Soccer Mommy, “Soccer Mommy & Friends Singles Series”
Soccer Mommy & Friends Singles Series
Soccer Mommy’s color theory is, by many accounts, one of the best albums of 2020 (so far). Sophie Allison bottled that perfect musical Twilight Zone between ’90s nostalgia and the current female-led indie rock songwriting moment we’ve been blessed with over the past five years. That end-of-winter release was a kaleidoscope of emotions, colors, and styles that couldn’t be pinned to a specific decade.
Allison’s recently launched Soccer Mommy & Friends Singles Series is a four-volume rarities collection of demos, covers, remixes, and other curios from friends in the industry.
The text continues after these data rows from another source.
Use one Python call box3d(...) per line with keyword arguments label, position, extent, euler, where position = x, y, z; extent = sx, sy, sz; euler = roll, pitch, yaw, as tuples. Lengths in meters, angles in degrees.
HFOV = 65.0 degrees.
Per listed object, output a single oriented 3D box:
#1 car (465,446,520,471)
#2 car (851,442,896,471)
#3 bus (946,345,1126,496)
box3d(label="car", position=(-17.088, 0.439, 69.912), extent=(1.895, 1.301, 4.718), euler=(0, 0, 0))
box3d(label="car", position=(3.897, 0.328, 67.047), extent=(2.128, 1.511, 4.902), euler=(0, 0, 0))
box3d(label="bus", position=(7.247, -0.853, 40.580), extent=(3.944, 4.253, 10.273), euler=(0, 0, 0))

The collaborating artists (Jay Som, Beabadoobee, MGMT’s Andrew VanWyngarden, and SASAMI) for the eight-track EP are fairly wide-ranging in styles, but many fall back into the tropes of bedroom-pop auteurs like Soccer Mommy.
Jay Som starts the series off well with a Vangelis vibe for a cover of Soccer Mommy’s “lucy.” Soccer Mommy flips back the favor with the twinkling slow-burn track “I Think You’re Alright,” originally heard on Melina Duterte’s 2016 split single.
The tracks with the MGMT frontman on Vol. 3 are some of the project’s best, and see VanWyngarden adding MGMT’s typically druggy haze to the color theory single “circle the drain” as his alter ego Gentle Dom. In turn, Soccer Mommy strips back the effects on one of her favorites, MGMT’s “Indie Rokkers,” turning it into a bedroom-pop anthem instead of a drugged out psychedelic stadium-rocker. There’s also a synergy between the two demo songs from Soccer Mommy and Beabadoobee. The two artists met in London and saw an immediate kinship in their songwriting styles. It shows on Vol. 2 as both demos resembled hushed, moonlit reveries with voice and guitar dissipating into the dark silence around them.
Probably the best song in this inaugural series is Allison’s forlorn cover of The Cars’ “Drive,” which closes out the EP. It’s delivered as a slow cruise heartbreaker, and Soccer Mommy makes it her own song with only an electric guitar and her voice. SASAMI does a similar magic trick to a lesser extent on a narcotized version of System of a Down’s “Toxicity.”
Money raised from the four-volume series (digital and vinyl) is also going to Oxfam America’s coronavirus relief fund and National Bail Out. An anonymous donor recently agreed to match every dollar raised by Soccer Mommy’s series up to $5,000, which will double the impact of your purchase on Bandcamp. Let’s hope there are more volumes in the near future.